By Vinay Rao
The recently concluded Hyderabad Cricket Association One-Day Knockout Championship didn’t whisper its message—it thundered it. On pitches where pressure separated pretenders from performers, the tournament laid bare a truth Hyderabad cricket has long tried to dodge: merit is thriving in the leagues, but suffocating at the state level.
At a time when the Hyderabad senior side looks short on balance, power, and match-winners—particularly in white-ball cricket—the knockout championship showcased exactly what the state team is missing. And at the heart of it all stood one name: Rishiket Sisodia.
The Big Matches That Left No Room for Excuses
FINAL
Deccan Wanderers vs Cambridge
- Cambridge: 130 all out
Rishiket Sisodia: 3 wickets - Deccan Wanderers: 134/1 in 9.2 overs
Rishiket Sisodia: 115 (42 balls, 11 fours, 10 sixes)
A final in name only. Rishiket first ripped through Cambridge with the ball and then obliterated the chase almost single-handedly, sealing the title in under ten overs. Few finals in recent memory have been this one-sided—or this emphatic.
SEMIFINAL
Deccan Wanderers vs Sporting XI
- Sporting XI: 282 all out
Jasmeet: 152 (98 balls, 13 fours, 10 sixes)
Shaikh Sohail: 53 (69)
Tejavath Harish: 3 wickets
Ashish Srivastava: 2 wickets - Deccan Wanderers: 283/2 in 38.4 overs
Rishiket Sisodia: 161 (89 balls, 15 fours, 11 sixes)
Nitish Reddy: 52 (66)

This was knockout cricket at its fiercest. A high-pressure chase of 283, and Rishiket responded with a 161 of brutal clarity, while Jasmeet’s 152 earlier had already raised the bar. These were not cosmetic hundreds—these were innings forged under elimination pressure.
OTHER SEMIFINAL
EMCC vs Cambridge
- EMCC: 290/7
C.P. Venkatesh: 126 (122)
Rohit Reddy: 55 (69) - Cambridge: 293/1 in 44.1 overs
N. Rakesh: 116* (125)
Shashank Lokesh: 103 (90)
Dheeraj Goud: 62 (51)
Run-fests, yes—but also proof of the batting depth thriving outside the state setup.
Rishiket Sisodia: Impact Too Loud to Ignore
Rishiket didn’t just score runs—he dictated outcomes. Batting through the tournament at a strike rate well north of 200, he combined explosive power with control, backed by effective leg-spin and sharp fielding.
And yet, his Hyderabad journey remains a case study in inconsistency. Picked for one Syed Mushtaq Ali Trophy game against Chandigarh, then promptly dropped—no run, no rope, no trust.
Selection without continuity is not opportunity. It is tokenism.
Jasmeet: Brilliance Without Security
Jasmeet’s story mirrors the same dysfunction. Strong league performances. A match-defining 152 in a knockout semifinal. Selection—and then silence.

A hundred under knockout pressure should cement a place, not leave a career hanging in administrative limbo.
Ashish Srivastava: The Leg-Spinner Hyderabad Refuses to Back
Ashish Srivastava has been one of Hyderabad’s most consistent leg-spinners across leagues for years. Results follow him. So do wickets.
Yet, during the Buchi Babu Tournament, played on rank turners tailor-made for leg-spin, Ashish did not get a single game. Soon after, he was dropped from the Ranji squad—without any visible cricketing justification.
The uncomfortable question must be asked:
Does Hyderabad believe only left-arm spin can win matches?
If so, it reflects a dangerous lack of balance and imagination, especially in Indian conditions where quality leg-spin has historically turned games—and careers.

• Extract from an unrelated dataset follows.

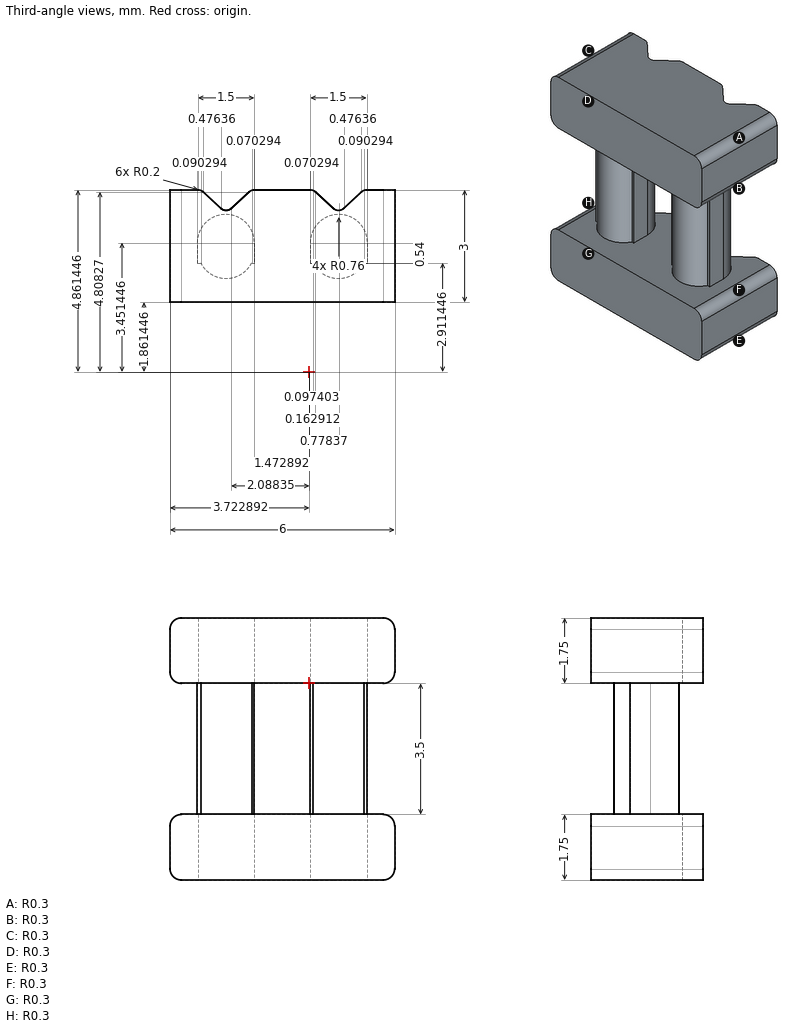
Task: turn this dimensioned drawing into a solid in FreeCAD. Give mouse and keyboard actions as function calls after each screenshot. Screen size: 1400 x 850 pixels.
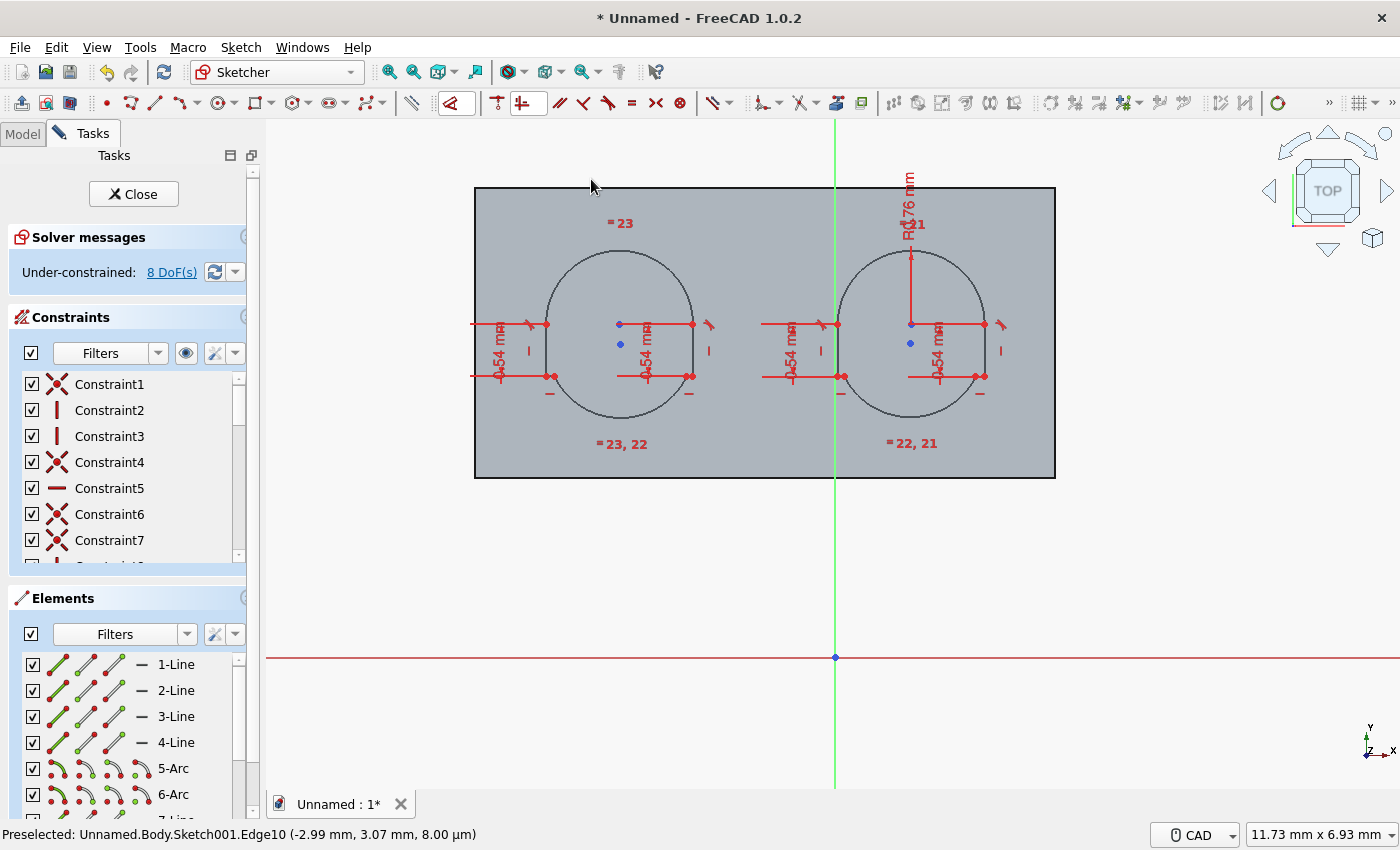
scroll(841, 377, up, 9)
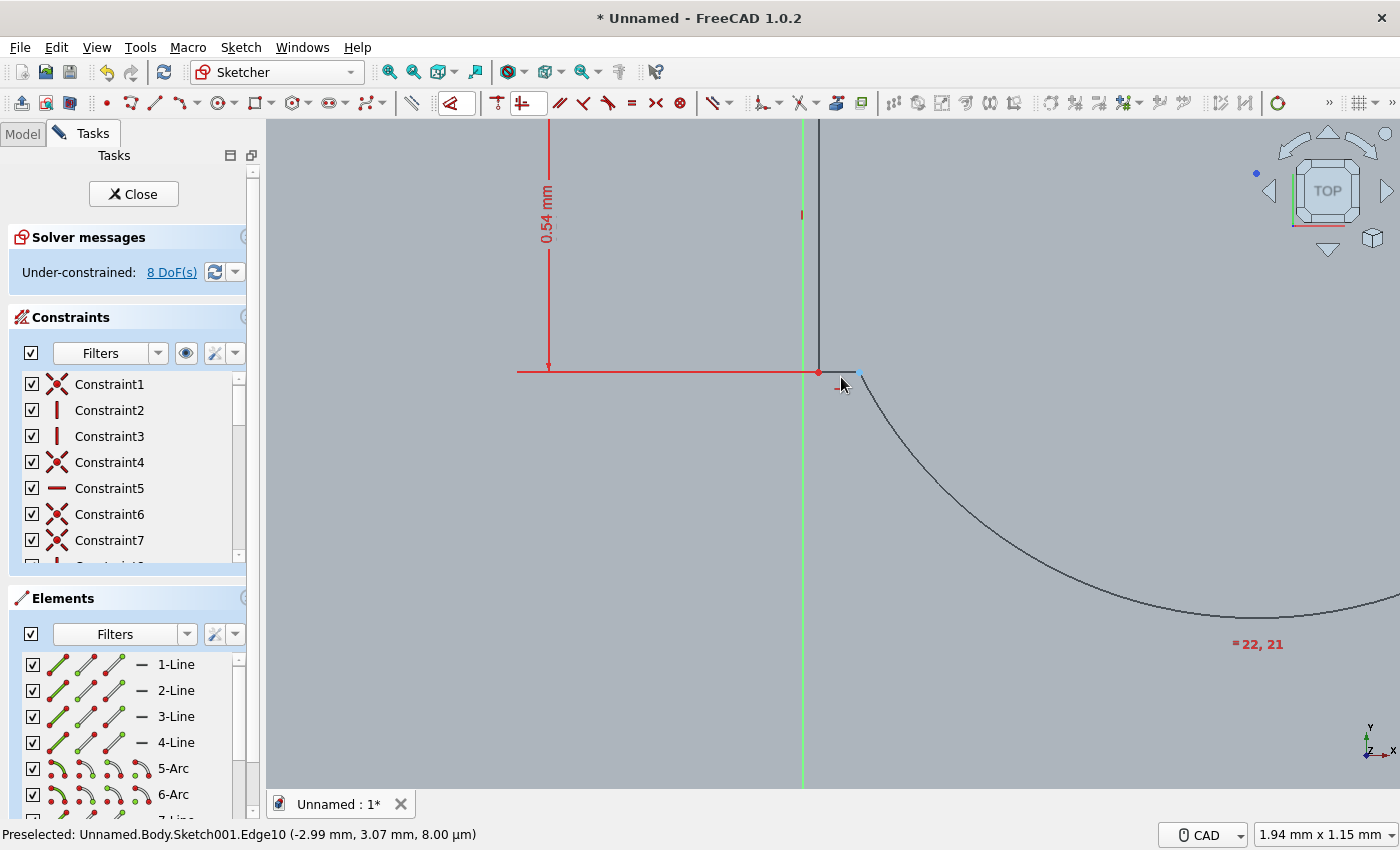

The Bigger Malaise: Domicile and Age as Convenient Weapons
Beyond individual injustices lies a systemic rot. Domicile and age-verification rules appear to be enforced selectively—resurrected when convenient, buried when not.
In recent years, multiple players have faced bans, only to receive court relief due to:
- Procedural lapses,
- Absence of due process, or
- HCA’s failure to defend its own decisions.
This revolving door of uncertainty destroys careers and credibility alike.
What Must Change—Now
- Transparent, time-bound verification before naming probables.
- Clear documentation with finality once cleared.
- No reopening of settled cases as tools of exclusion.
- Protection for players from arbitrary targeting and harassment.
Let the Scorecards Speak
Rishiket Sisodia. Jasmeet. Ashish Srivastava.
They have delivered under pressure, across seasons, and in knockout cricket—the purest examination of temperament.
If Hyderabad cricket is serious about reclaiming relevance and respect, selection must follow performance—not politics, convenience, or bias.
The knockout tournament has already passed judgment.
The only question now is whether those in charge are listening—or still looking the other way.